- _ACTIVITY_: If a line in the entries includes "Units", show that line.
- Opening Delimiter -
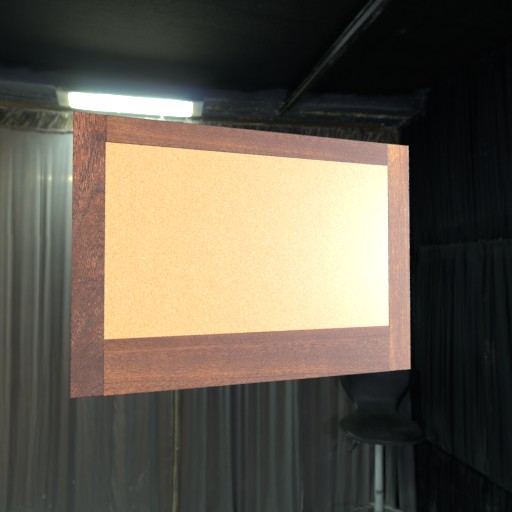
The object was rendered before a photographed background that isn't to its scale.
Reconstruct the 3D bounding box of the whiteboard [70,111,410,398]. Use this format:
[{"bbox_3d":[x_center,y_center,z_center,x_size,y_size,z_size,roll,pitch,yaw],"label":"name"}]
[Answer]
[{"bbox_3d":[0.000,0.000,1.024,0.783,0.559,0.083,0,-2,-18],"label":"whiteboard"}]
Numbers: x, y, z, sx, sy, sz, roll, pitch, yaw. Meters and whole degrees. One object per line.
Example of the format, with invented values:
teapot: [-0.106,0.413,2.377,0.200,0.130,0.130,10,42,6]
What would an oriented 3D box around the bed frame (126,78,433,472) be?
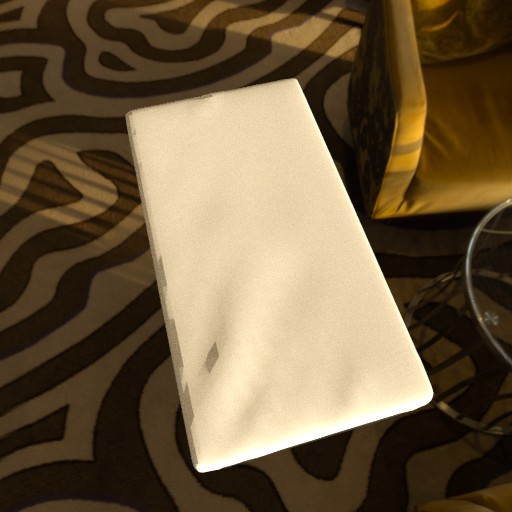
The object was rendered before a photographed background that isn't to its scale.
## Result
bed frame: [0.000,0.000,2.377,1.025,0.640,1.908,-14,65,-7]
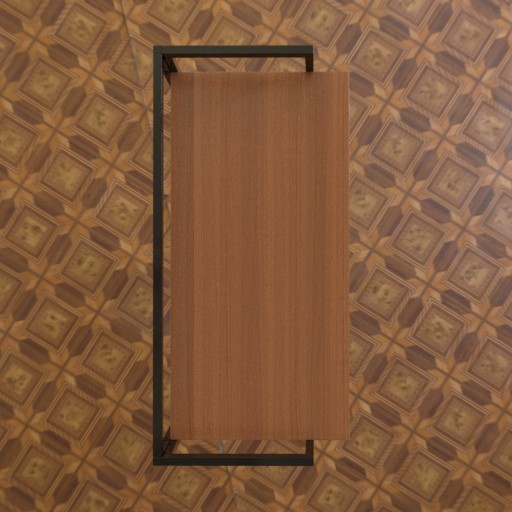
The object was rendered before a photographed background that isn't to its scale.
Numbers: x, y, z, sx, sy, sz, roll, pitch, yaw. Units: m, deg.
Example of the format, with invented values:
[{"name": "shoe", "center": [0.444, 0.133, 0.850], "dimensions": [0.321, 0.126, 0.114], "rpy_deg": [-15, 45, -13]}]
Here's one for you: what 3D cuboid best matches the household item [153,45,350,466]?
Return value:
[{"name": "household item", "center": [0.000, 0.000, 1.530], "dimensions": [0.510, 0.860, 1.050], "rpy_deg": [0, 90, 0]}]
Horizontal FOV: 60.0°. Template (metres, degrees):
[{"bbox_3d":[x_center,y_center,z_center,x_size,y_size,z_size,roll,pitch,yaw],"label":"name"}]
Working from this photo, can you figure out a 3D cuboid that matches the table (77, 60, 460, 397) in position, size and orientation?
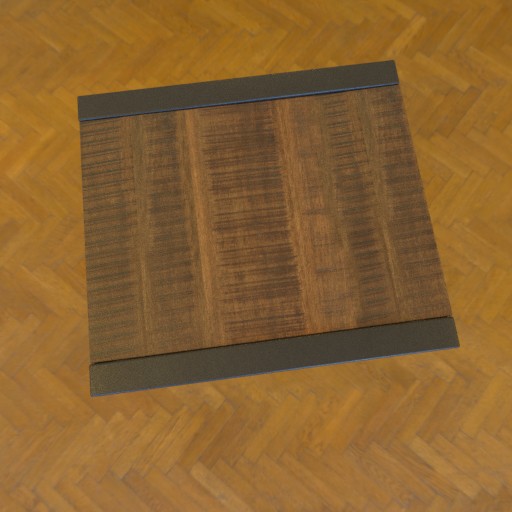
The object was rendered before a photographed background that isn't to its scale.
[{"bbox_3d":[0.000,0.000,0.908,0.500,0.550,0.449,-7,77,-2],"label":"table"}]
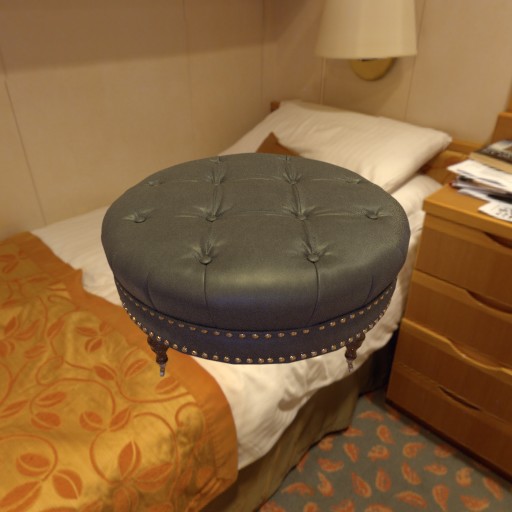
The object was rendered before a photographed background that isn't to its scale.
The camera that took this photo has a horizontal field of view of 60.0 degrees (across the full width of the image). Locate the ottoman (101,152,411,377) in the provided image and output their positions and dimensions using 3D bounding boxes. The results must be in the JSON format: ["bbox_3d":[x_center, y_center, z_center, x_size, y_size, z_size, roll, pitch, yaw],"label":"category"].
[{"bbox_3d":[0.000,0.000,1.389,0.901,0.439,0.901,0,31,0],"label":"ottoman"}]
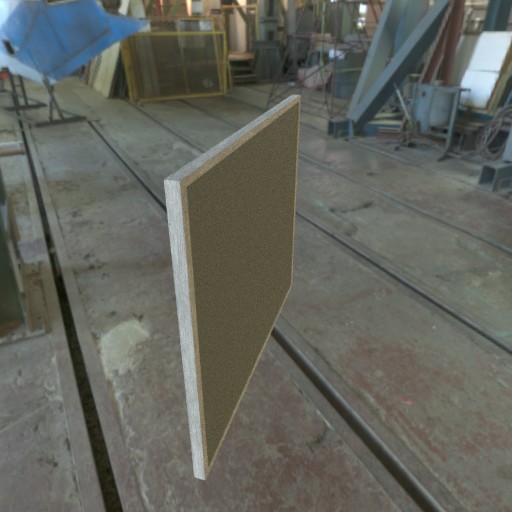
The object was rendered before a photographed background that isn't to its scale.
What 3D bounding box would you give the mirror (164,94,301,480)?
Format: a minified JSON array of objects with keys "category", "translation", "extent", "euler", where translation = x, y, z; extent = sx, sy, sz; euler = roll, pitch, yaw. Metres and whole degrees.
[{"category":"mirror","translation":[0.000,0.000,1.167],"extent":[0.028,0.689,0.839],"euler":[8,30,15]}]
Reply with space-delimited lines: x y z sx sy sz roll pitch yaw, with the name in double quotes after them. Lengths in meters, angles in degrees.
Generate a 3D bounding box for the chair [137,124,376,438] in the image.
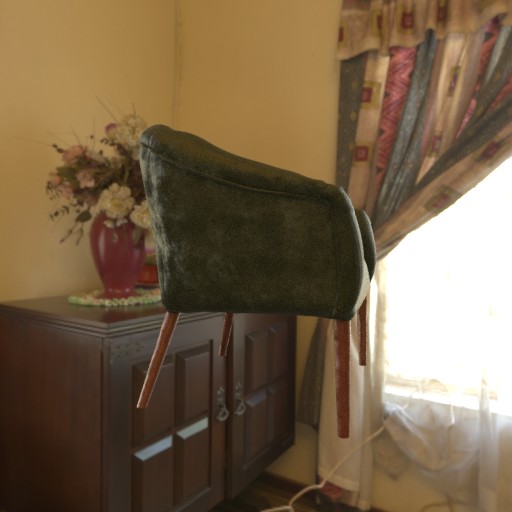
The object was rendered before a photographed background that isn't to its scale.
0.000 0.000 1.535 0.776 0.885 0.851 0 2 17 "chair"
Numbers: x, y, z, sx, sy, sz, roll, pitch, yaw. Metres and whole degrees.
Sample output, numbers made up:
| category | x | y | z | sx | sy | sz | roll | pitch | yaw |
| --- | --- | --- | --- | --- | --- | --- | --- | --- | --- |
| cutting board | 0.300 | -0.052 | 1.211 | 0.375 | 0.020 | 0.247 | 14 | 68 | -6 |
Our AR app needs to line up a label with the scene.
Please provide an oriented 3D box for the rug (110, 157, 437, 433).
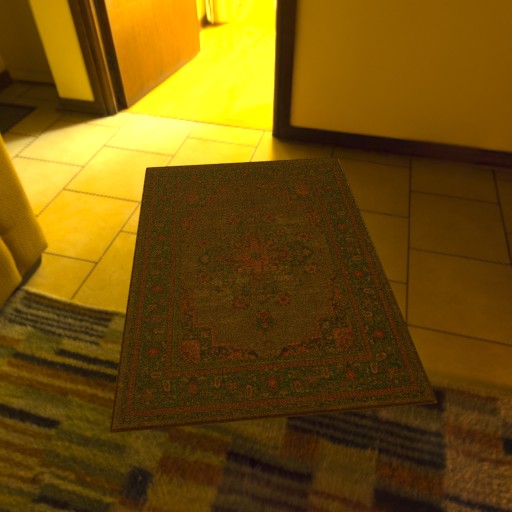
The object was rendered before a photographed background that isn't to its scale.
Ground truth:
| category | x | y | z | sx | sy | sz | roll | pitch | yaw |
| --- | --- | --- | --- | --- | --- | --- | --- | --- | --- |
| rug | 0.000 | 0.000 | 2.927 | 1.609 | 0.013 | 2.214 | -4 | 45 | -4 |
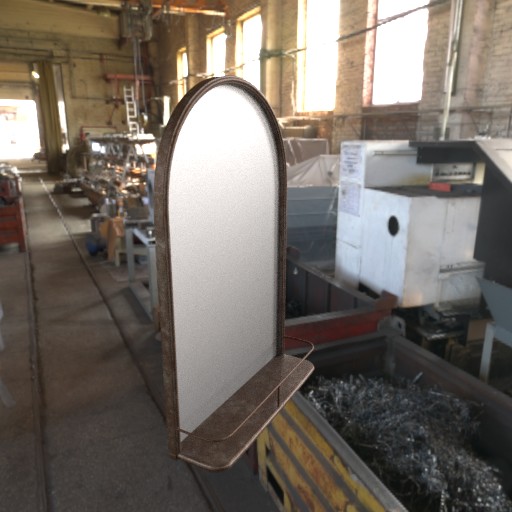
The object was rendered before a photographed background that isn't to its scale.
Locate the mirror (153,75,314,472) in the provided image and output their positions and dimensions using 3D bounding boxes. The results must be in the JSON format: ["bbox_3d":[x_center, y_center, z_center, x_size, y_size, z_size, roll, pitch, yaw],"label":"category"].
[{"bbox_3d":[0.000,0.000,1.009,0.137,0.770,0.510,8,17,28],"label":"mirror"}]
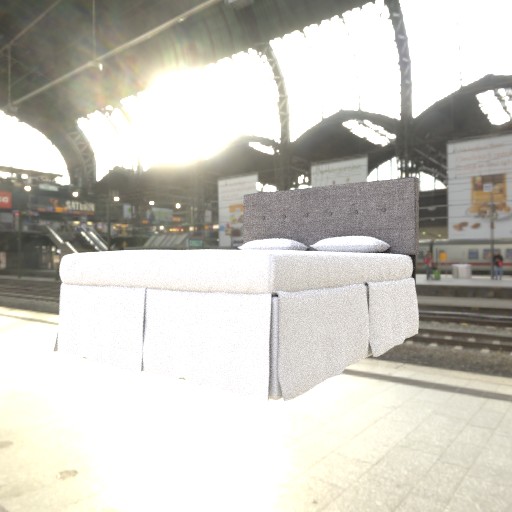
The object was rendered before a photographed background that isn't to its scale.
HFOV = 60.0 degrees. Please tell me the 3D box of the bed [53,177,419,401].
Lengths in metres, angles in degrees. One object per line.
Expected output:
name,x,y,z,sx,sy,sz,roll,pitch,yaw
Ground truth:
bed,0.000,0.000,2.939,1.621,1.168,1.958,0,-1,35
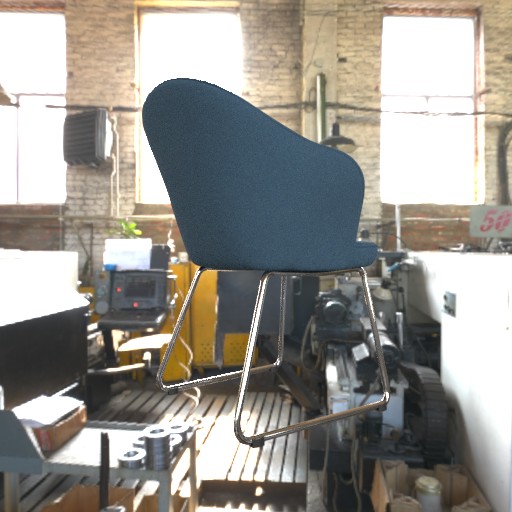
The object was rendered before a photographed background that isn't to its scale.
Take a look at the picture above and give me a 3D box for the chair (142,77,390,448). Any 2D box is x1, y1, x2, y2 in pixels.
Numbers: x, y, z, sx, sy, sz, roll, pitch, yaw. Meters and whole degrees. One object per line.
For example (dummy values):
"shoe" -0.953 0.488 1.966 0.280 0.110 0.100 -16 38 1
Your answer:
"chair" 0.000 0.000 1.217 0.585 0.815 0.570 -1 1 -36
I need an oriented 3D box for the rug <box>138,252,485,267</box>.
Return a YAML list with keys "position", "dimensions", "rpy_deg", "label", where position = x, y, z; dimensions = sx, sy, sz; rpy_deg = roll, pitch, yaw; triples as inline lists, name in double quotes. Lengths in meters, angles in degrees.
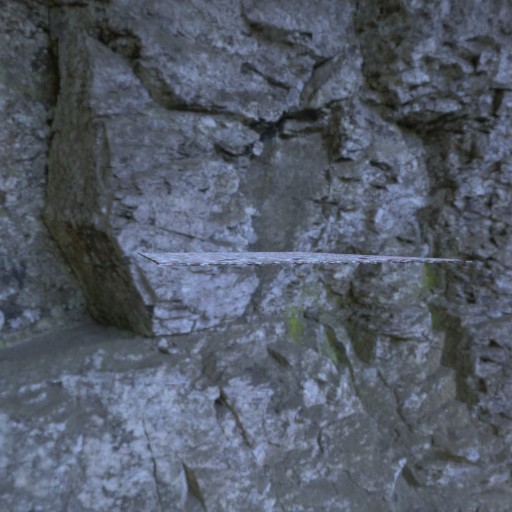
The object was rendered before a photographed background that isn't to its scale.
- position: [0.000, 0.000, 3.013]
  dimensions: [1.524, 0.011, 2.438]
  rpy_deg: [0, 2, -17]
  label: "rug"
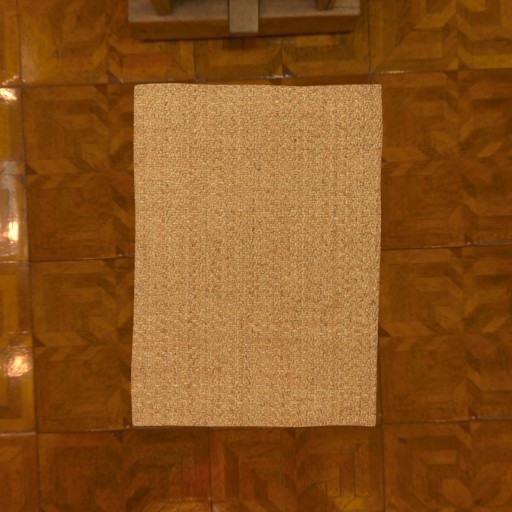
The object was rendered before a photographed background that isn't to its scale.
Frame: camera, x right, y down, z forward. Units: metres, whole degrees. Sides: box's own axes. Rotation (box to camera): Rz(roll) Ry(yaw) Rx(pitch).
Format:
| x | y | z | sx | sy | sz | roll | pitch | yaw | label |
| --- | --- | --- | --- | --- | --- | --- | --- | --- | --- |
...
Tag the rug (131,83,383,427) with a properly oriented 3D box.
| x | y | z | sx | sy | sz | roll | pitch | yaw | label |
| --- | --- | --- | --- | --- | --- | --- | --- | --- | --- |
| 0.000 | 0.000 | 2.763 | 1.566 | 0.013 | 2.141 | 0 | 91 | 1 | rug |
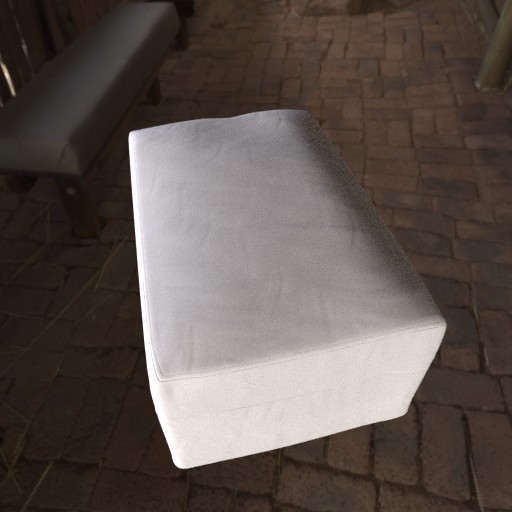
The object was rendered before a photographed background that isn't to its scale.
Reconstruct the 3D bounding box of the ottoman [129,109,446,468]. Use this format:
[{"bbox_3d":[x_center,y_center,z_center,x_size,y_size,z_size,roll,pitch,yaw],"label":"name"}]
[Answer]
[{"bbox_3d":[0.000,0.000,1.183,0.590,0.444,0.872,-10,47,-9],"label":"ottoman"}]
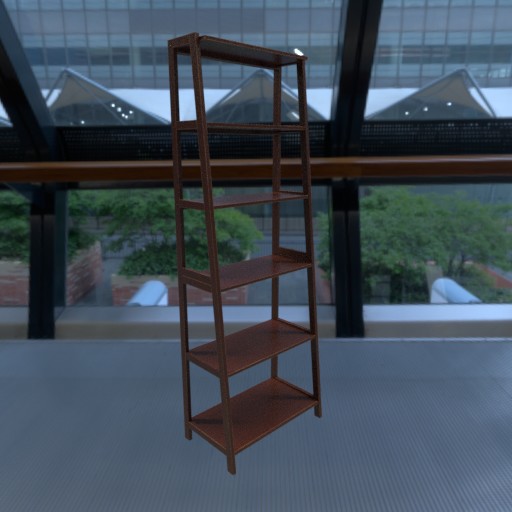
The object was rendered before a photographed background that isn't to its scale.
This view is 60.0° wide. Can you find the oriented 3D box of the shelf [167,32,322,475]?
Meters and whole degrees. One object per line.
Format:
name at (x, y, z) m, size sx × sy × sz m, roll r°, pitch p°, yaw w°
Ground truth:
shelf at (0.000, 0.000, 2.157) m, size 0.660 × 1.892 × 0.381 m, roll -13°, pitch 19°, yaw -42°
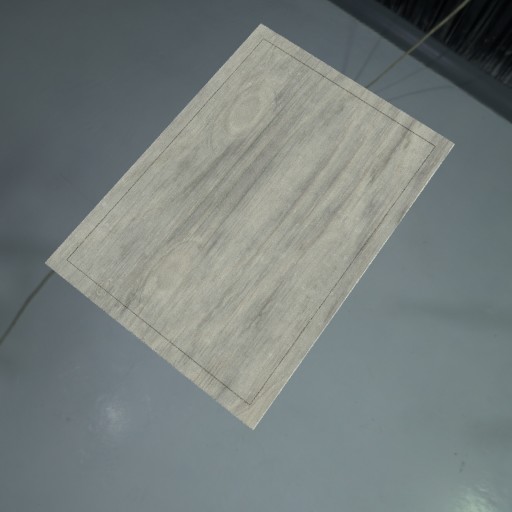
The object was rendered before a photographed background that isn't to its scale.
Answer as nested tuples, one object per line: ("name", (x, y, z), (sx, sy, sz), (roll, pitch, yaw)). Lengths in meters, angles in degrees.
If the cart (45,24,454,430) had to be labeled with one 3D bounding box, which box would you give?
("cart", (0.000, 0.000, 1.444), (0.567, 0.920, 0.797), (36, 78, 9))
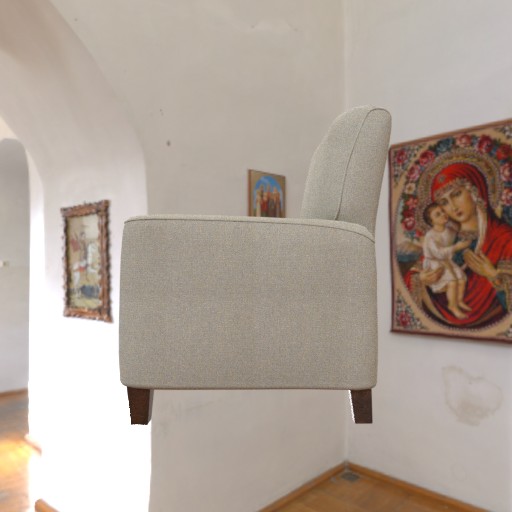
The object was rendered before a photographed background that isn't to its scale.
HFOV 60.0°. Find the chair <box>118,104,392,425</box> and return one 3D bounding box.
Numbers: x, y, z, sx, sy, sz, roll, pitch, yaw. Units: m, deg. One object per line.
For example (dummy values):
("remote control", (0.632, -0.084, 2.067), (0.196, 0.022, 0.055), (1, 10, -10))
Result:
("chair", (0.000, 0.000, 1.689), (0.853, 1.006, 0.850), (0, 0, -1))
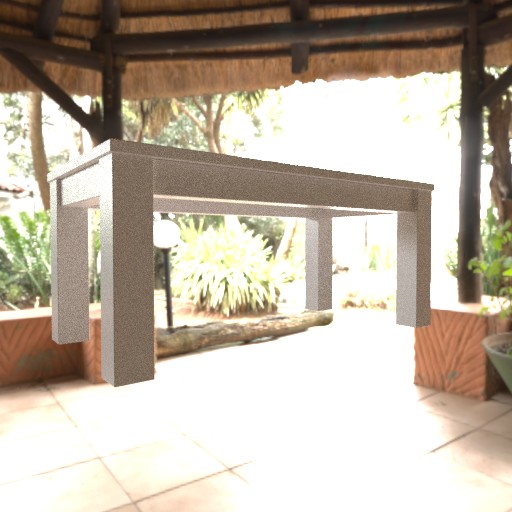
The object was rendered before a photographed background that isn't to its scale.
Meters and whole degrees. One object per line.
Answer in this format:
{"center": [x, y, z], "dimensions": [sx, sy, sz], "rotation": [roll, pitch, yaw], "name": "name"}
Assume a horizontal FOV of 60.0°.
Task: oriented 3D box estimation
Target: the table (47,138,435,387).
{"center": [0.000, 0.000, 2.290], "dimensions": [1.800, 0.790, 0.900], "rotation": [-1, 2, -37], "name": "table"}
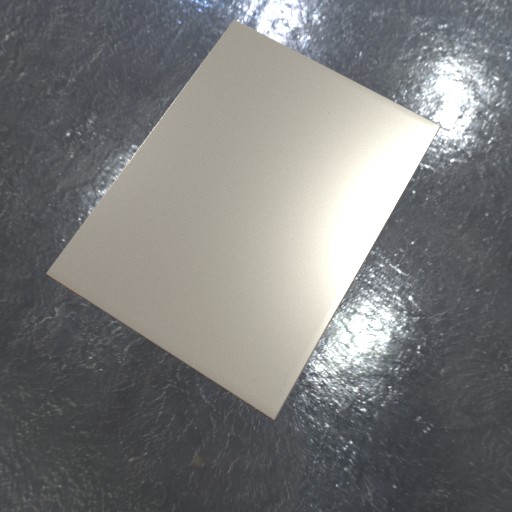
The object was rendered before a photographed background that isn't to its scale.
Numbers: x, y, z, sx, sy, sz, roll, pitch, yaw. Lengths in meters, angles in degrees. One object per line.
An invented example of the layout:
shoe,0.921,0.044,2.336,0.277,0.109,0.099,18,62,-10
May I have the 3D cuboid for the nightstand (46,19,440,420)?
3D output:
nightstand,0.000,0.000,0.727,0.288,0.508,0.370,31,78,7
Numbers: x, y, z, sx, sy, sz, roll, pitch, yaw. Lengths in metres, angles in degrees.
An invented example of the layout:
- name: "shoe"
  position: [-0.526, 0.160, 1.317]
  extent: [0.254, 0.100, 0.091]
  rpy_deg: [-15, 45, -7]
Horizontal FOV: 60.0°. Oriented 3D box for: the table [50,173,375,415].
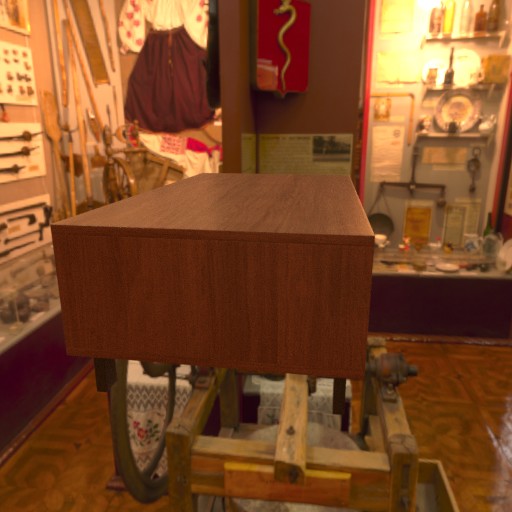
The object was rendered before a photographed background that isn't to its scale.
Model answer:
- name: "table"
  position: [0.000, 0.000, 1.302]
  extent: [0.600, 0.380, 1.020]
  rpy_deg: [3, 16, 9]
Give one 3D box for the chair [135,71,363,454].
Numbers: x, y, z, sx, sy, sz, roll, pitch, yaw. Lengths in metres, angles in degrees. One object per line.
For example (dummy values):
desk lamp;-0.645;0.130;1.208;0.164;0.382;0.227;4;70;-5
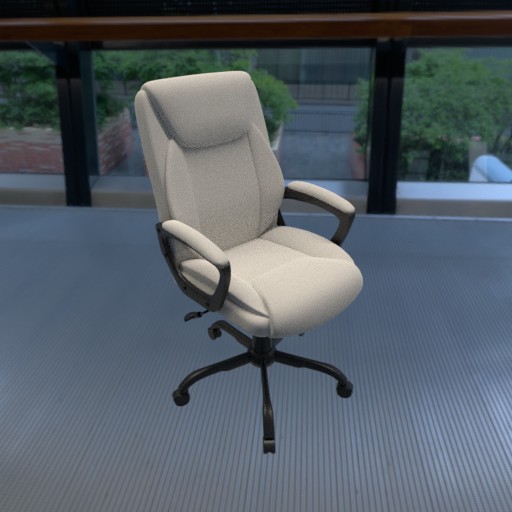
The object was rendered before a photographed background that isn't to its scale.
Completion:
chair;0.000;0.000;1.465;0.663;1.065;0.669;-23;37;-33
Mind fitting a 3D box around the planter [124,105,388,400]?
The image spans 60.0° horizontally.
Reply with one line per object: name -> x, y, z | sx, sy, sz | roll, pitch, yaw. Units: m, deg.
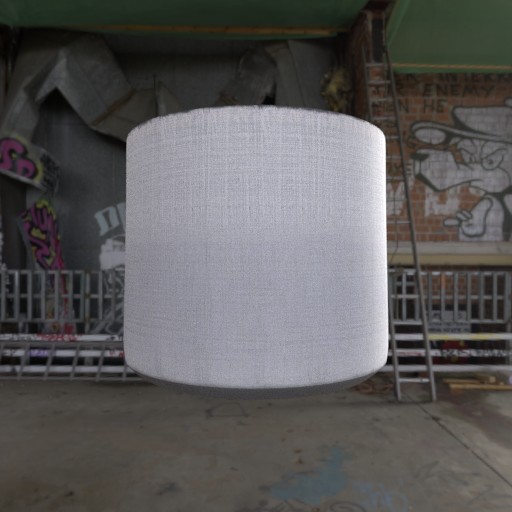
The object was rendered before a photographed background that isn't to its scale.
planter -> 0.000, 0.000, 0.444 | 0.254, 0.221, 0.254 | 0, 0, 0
- Closing Delimiter -
- _YOUR RESPONSE_:
Numbers: x, y, z, sx, sy, sz, roll, pitch, yaw. Units: m, deg.
Frame: camera, x right, y down, z forward. Units: metres, whole degrees. Sides: box's own axes. Rotation (box to camera): Rz(roll) Ry(yaw) Rx(pitch).
Numbers: x, y, z, sx, sy, sz, roll, pitch, yaw. Units: m, deg. One object per line.
Reply with one line per object: name -> x, y, z | sx, sy, sz | roll, pitch, yaw. Units: m, deg.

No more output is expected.